А народ молчал, ошеломленный тем, что Баба Солдат и Батыр сидят в тюрьме, что, того и гляди, посадят и Карлы, а ростовщик Кулман вдруг вознесся на такую высоту…
— Кара-Буга!.. — вдруг завопил один из приспешников соперника Кулмана, но Кара-Буга поспешно дернул его за рукав, и он закрыл свою громогласную пасть.
Выборы прошли с удивительной быстротой. Ильяс-торе подождал минут пять, не назовут ли других кандидатов, кроме Кулмана, но все угрюмо молчали, опустив глаза в землю, и он объявил, что старшиной единогласно избран Кулман.
Народ сразу же стал расходиться.
Карлы шел домой с Дурды и Мурадом. Он был сильно перепуган и молчал всю дорогу. И только у самой кибитки он вздохнул, боязливо оглянулся и тихо сказал:
— Ну вот, я вам говорил. А вы распускаете языки-то…
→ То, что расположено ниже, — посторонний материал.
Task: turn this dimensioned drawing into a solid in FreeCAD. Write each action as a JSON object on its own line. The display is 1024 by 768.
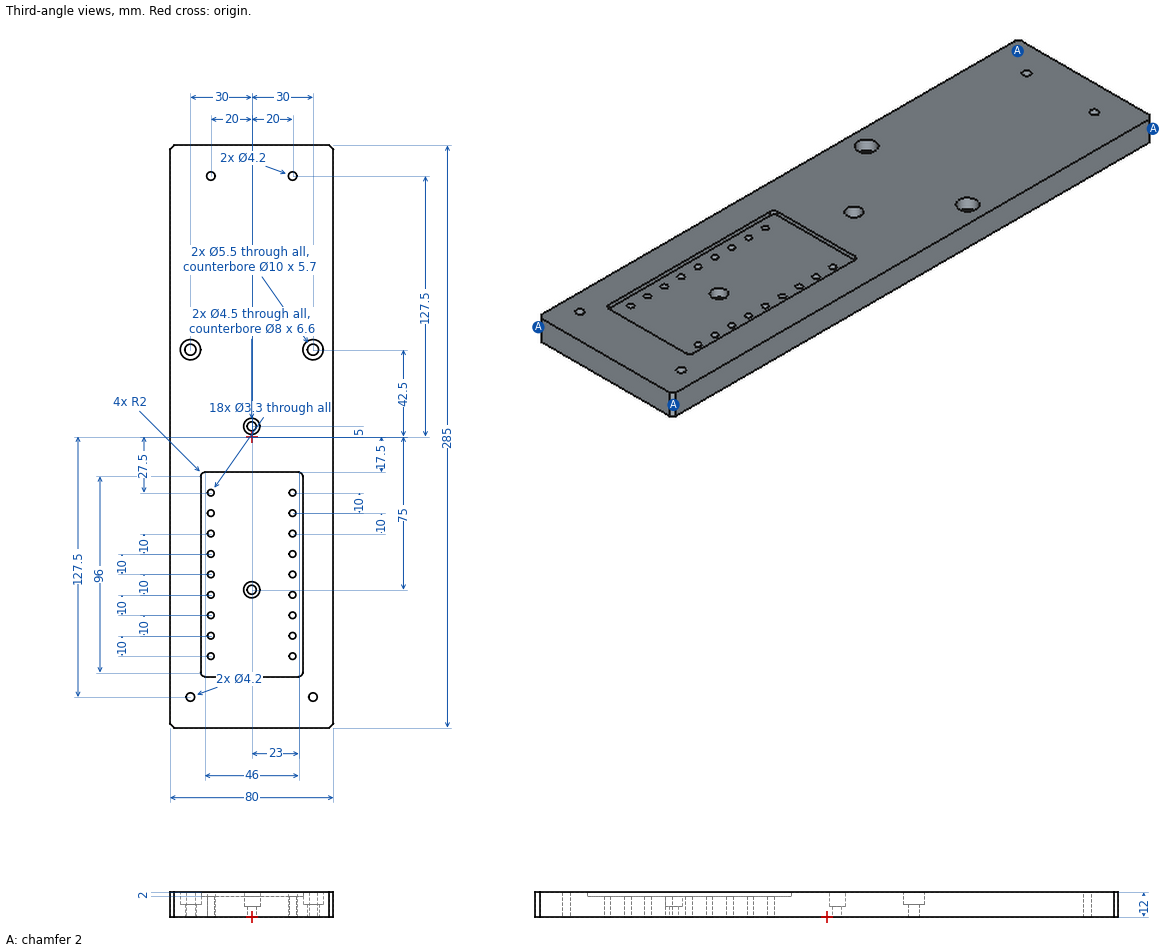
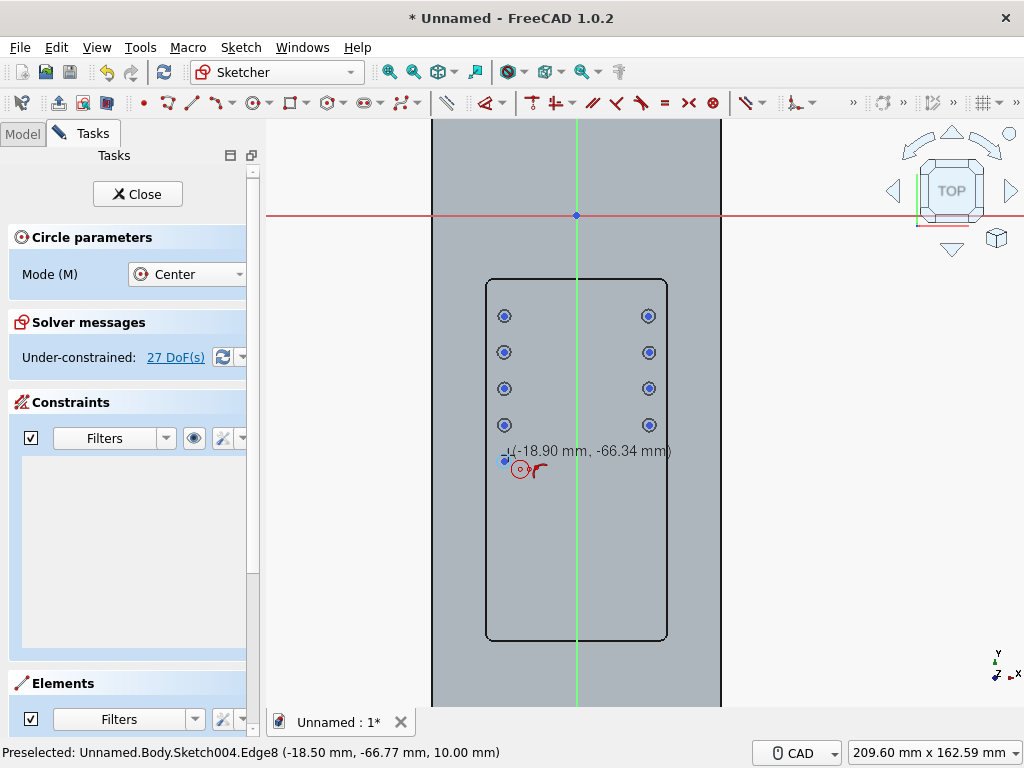
{"action": "scroll", "coordinate": [649, 460], "scroll_direction": "up", "scroll_amount": 7}

— Ничего, отец!.. Ничего с нами не сделают, — сдвинув брови, сказал Мурад таким тоном, как будто он был старше отца и знал что-то больше его.
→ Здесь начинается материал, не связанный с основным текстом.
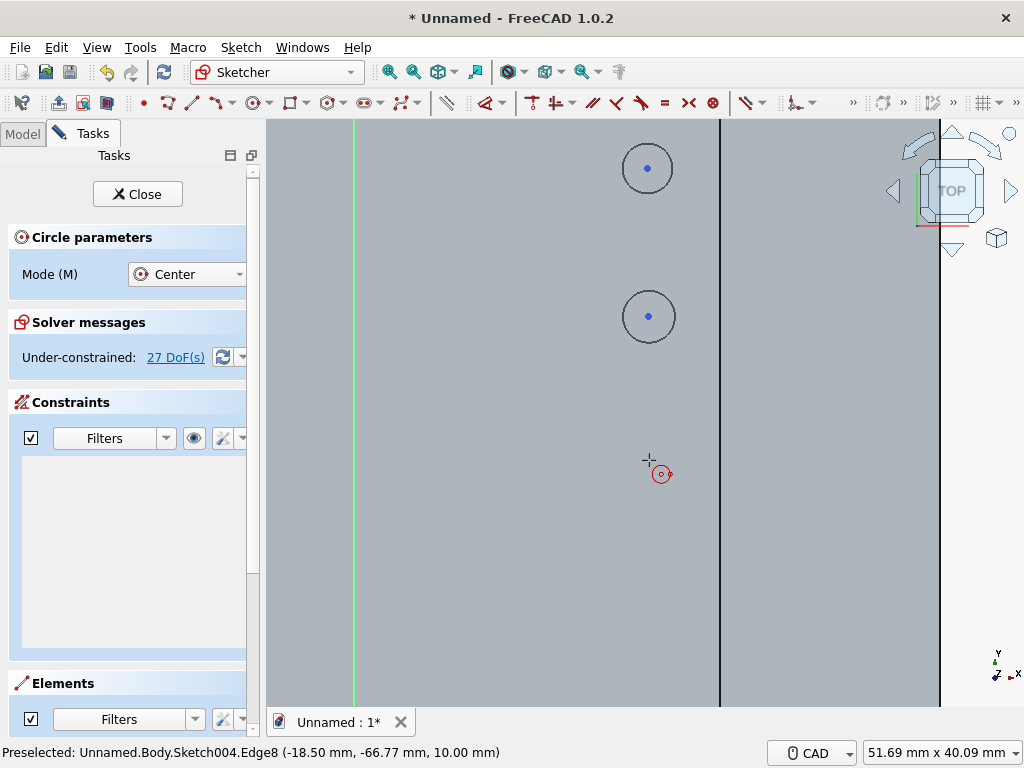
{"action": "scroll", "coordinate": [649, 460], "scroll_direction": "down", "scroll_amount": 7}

Во дворе у Кулмана в это время, как и в прошлом году, дымились очаги, суетились жены и слуги. А сам Кулман и Ильяс-торе, оба веселые, лежали в доме на великолепном текинском ковре, облокотясь на пуховые подушки, пили пиво и хвастались своей счастливой судьбой, которая вела их все выше и выше "по лестнице Всемогущества". Так пышно выразился Ильяс-торе, который ждал со дня на день повышения в чине за раскрытие "шайки" революционеров — Батыра и Баба Солдата.
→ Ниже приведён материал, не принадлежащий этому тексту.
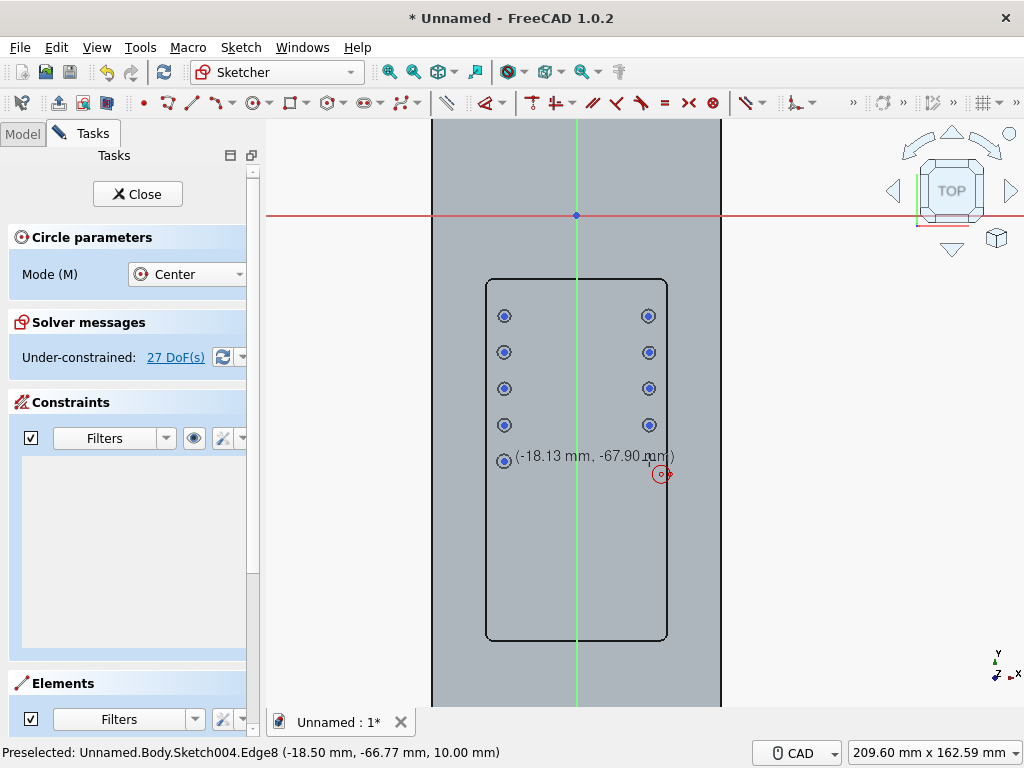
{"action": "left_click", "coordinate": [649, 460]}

Они беспечно пировали до глубокой ночи, не подозревая, что как раз в эти дни на севере, в Петрограде, русские рабочие уже выбили у них из-под ног "лестницу Всемогущества" и по-своему решили их судьбу.
Ильяс-торе скоро скрылся из Ашхабада неизвестно куда, а Кулман сначала притих, присмирел, а потом примкнул к белым бандитам и англичанам, ворвавшимся в Туркмению. Но англичане были разбиты, и он вместе с ними бежал в Афганистан. Так бесславно кончилась карьера последнего старшины.
А народ после суровых испытаний пошел по "лестнице Всемогущества, Богатства и Счастья"…
Туркменские кони
Я шел по Ашхабаду, уж не помню теперь, куда и зачем, в глубокой задумчивости. Вдруг за спиной у меня послышался частый топот конских копыт, и мимо меня проскакал колхозник на гнедом великолепном ахал-текинском коне. Я видел, как прохожие — и старые и малые — замерли на месте и взволнованными, восторженными глазами провожали быстро удалявшегося коня. И меня бросило в трепет, как будто мне было не сорок восемь, а всего двадцать лет и я впервые увидел красавицу.
— Ну и конь! — сказал кто-то из прохожих, покачивая головой, а лицо его так и светилось радостью.
Я пошел дальше и слышал, как встречные прохожие только и говорили, что об этом промчавшемся мимо коне. Чем он их взволновал? Чем он взволновал меня? Своей красотой? Своим упругим, стремительным бегом?
И я подумал: "Надо бы написать о коне. Ведь ахалтекинский конь — гордость нашего народа".
И сейчас же вспомнил про Ниязмурада — большого любителя и знатока туркменских коней.
"Вот он-то, хоть и неграмотный старик, а больше чем кто-нибудь может помочь мне написать, может многое рассказать о породистых конях — как их воспитывают, как тренируют… Только не опоздал ли я? Ведь ему уже девяносто семь лет, все силы угасли, угасла и память. А все-таки надо с ним повидаться…"
На другой же день утром я сел в поезд, доехал до села Безмеин, где когда-то родился и вырос, и пошел прямо к Ниязмураду.
Была весна. Зеленели сады, и на лужайках цвели красные маки. В селе было тихо и совершенно безлюдно.
Я подошел к дому Ниязмурада, заглянул в раскрытую дверь и не нашел ни души. Пошел в сад, обогнул дом и увидел в тени, возле самой стены, Ниязмурада.